Parabuthus brevimanus

Scientific classification
- Kingdom: Animalia
- Phylum: Arthropoda
- Subphylum: Chelicerata
- Class: Arachnida
- Order: Scorpiones
- Family: Buthidae
- Genus: Parabuthus
- Species: P. brevimanus
- Binomial name: Parabuthus brevimanus (Thorell 1876)
- Synonyms: Buthus brevimanus Thorell 1876; Heterobuthus brevimanus Kraepelin 1891; P. cristatus Pocock 1901;

= Parabuthus brevimanus =

- Genus: Parabuthus
- Species: brevimanus
- Authority: (Thorell 1876)
- Synonyms: Buthus brevimanus Thorell 1876, Heterobuthus brevimanus Kraepelin 1891, P. cristatus Pocock 1901

Species of scorpion

Parabuthus brevimanus is a species of scorpion from southern Africa, that ranges from southern Angola to Namibia and western South Africa, where its range extends south of the Orange River.

==Habits==
It is a semipsammophilous species that inhabits compacted or semicompacted sandy or gravelly substrates, wherein it burrows either in open ground, or at the base of shrubs or grass tufts.

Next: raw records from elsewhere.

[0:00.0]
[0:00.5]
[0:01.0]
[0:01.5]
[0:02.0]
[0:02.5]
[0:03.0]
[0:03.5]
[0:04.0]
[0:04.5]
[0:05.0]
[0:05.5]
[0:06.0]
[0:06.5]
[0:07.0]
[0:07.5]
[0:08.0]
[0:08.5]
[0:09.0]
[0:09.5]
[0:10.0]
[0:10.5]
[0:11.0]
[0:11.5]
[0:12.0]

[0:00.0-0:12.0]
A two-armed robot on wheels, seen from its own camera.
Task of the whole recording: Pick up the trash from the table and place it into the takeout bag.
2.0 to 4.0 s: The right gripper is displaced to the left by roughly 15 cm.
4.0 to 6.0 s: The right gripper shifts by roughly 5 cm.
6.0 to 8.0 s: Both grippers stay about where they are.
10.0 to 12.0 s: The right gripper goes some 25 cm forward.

The rows of long, comb-like bristles on the lower tarsi (third distal segment) of the four front legs are suggestive of its habits and habitat choice.

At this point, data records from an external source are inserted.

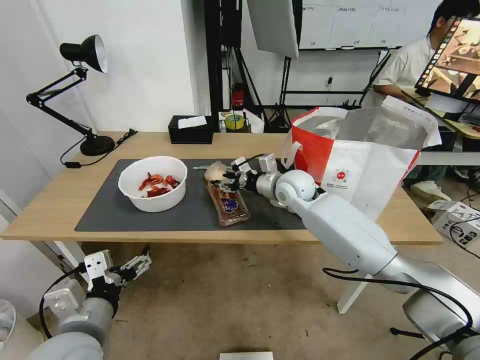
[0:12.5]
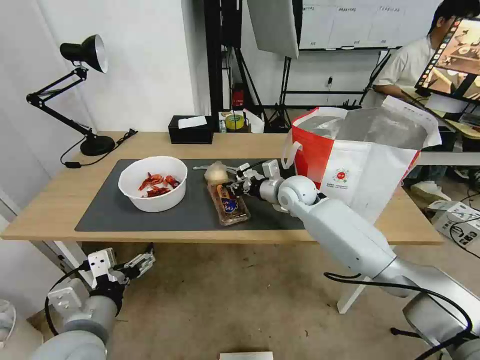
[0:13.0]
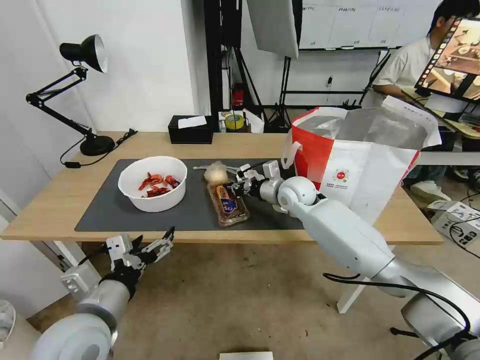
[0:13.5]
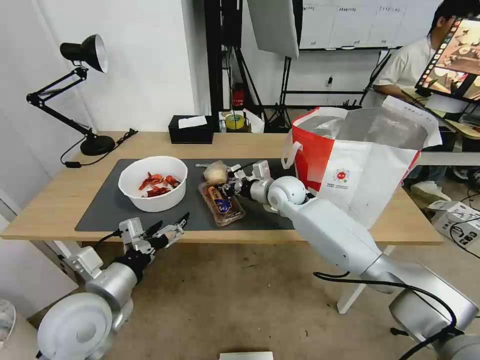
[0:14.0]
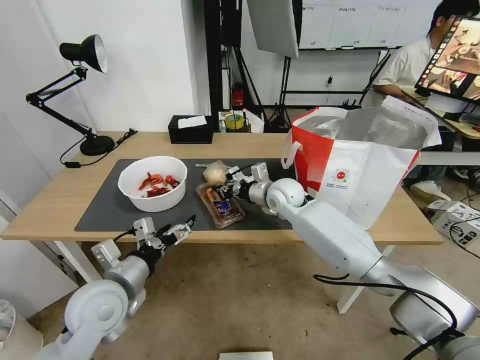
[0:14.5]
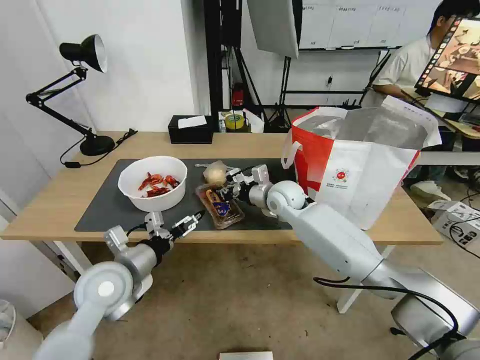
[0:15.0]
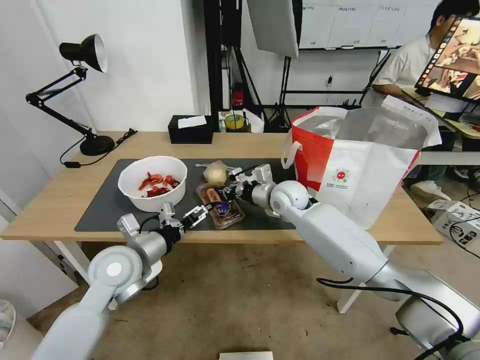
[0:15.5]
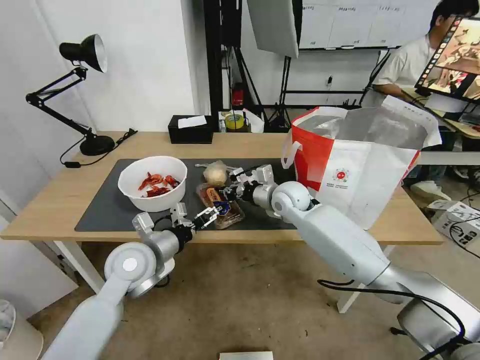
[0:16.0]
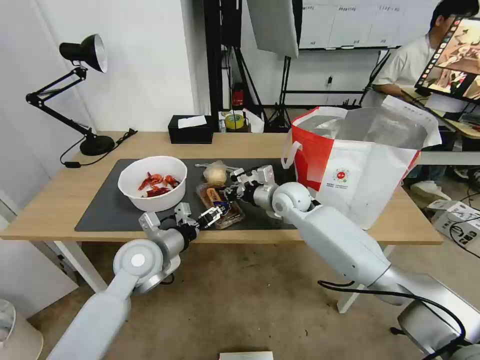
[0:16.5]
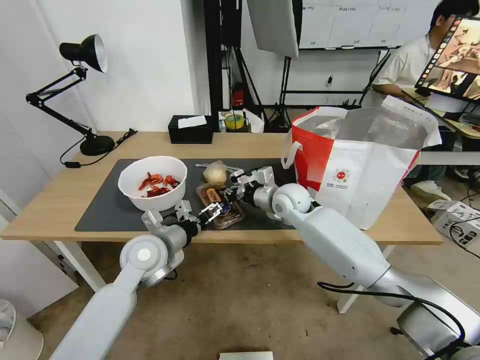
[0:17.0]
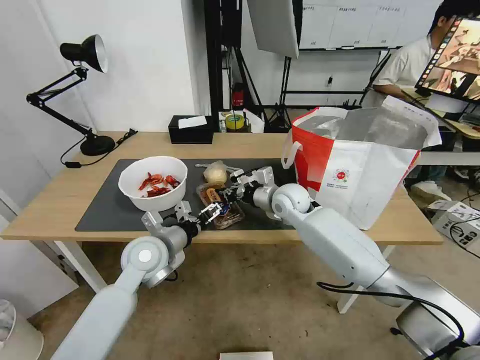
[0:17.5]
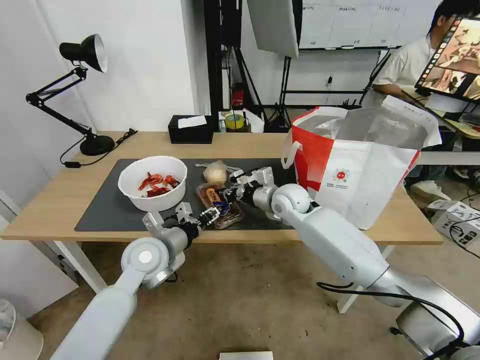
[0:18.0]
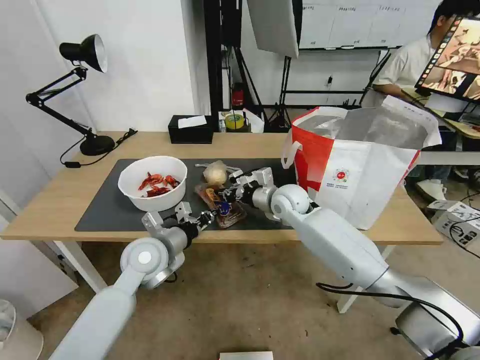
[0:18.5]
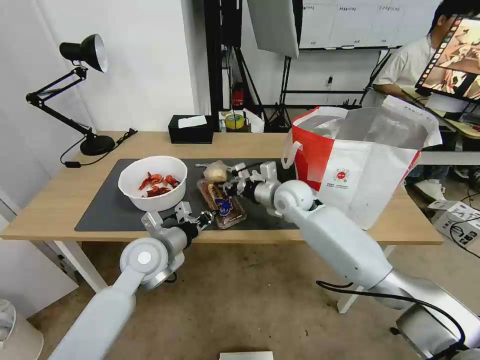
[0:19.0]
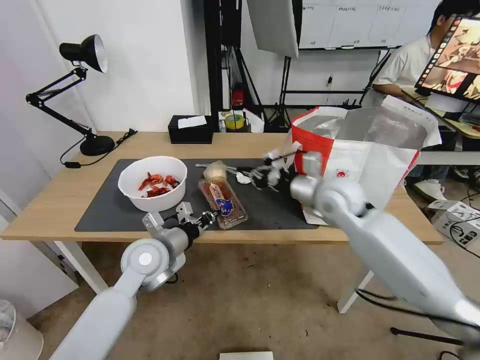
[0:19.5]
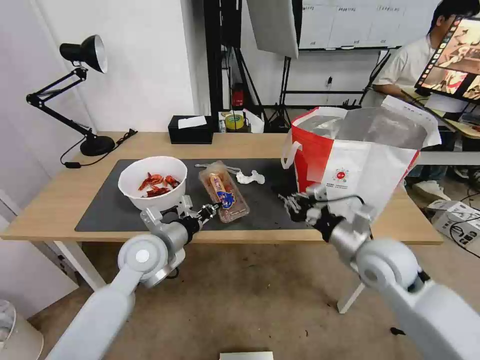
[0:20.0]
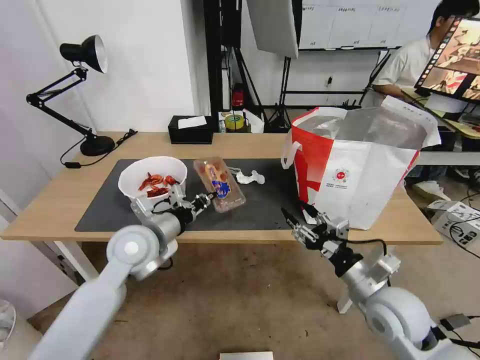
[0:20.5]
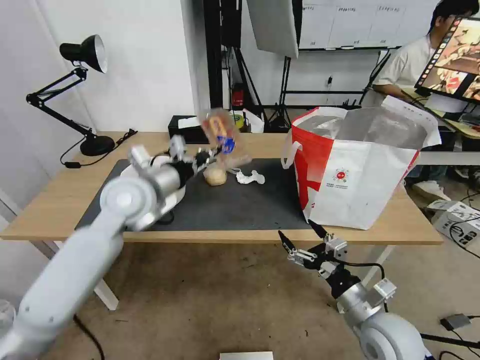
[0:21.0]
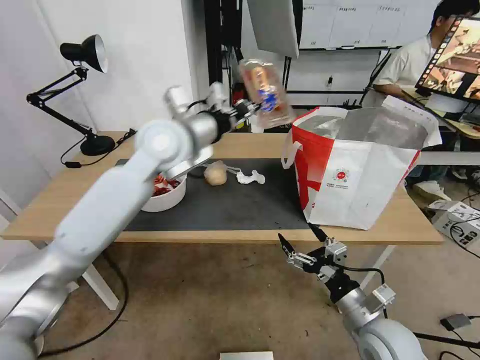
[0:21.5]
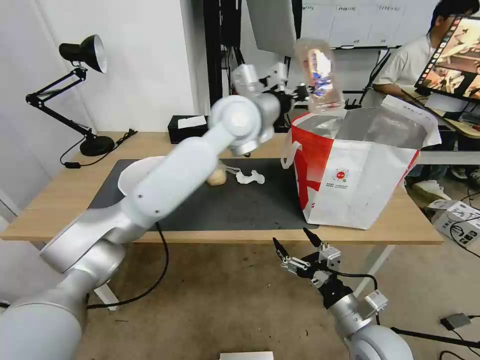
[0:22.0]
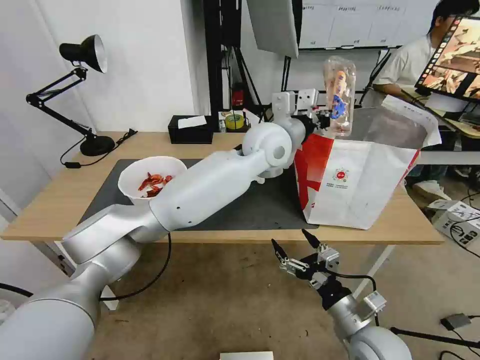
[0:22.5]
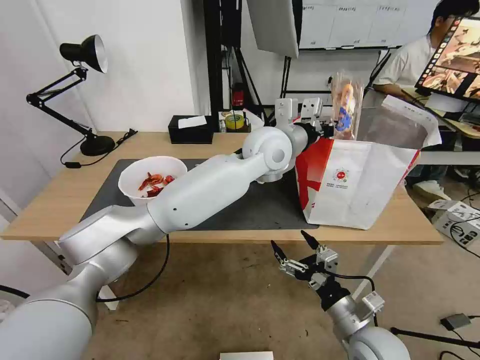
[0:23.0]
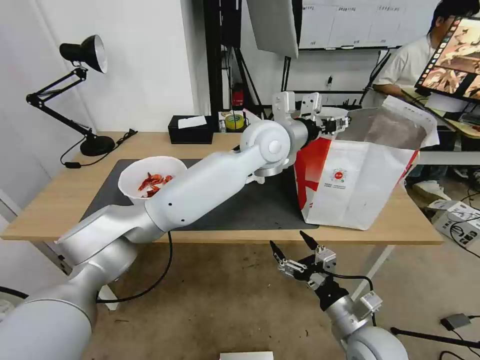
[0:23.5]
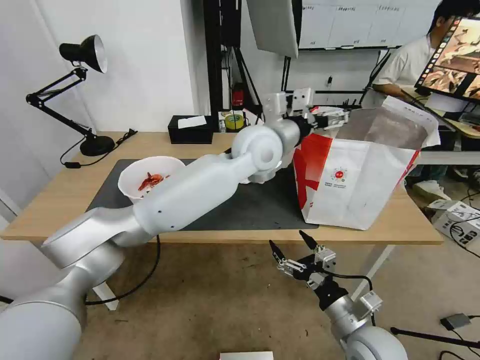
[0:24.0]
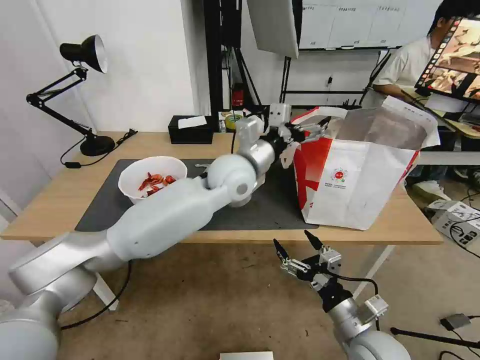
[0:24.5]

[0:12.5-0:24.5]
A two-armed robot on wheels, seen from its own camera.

It prefers substantially more solid substrates than the sand dunes occupied by its close relatives P. kuanyamarum and P. nanus. It is syntopic with P. granulatus throughout its range, but less often so with P. laevifrons, P. schlechteri, and P. villosus than its near relative P. gracilis.

==Relationships and characters==
The species is basal to the clade that incorporates the P. distridor–P. kuanyamarum and P. gracilis–P. nanus sister groups. This clade is uniquely separable from other Parabuthus species by a combination of characters. They have a small adult size, with a carapace length of 0.25–0.5 cm. Their tail segments are slender, some about twice as long as their width, while the hindmost (4th and 5th) segments are almost devoid of ridges (carinae). Micro details of the pedipalps are also unique to the clade.

==Identification==
It is most similar to P. gracilis with which it is sympatric in the Erongo and Kunene regions of Namibia. It is, however, separable from all species in the clade by a range of characteristics. The surface of the middle (median) ocular tubercle is smooth and shiny in both sexes, besides the surrounding carapace surface of females. The pedipalp base (chela manus) is likewise smooth. Though some ridges (carinae) of the proximal four tail segments are weakly developed, the remaining ridges on the second and third segments comprise uniquely arranged processes and tubercles.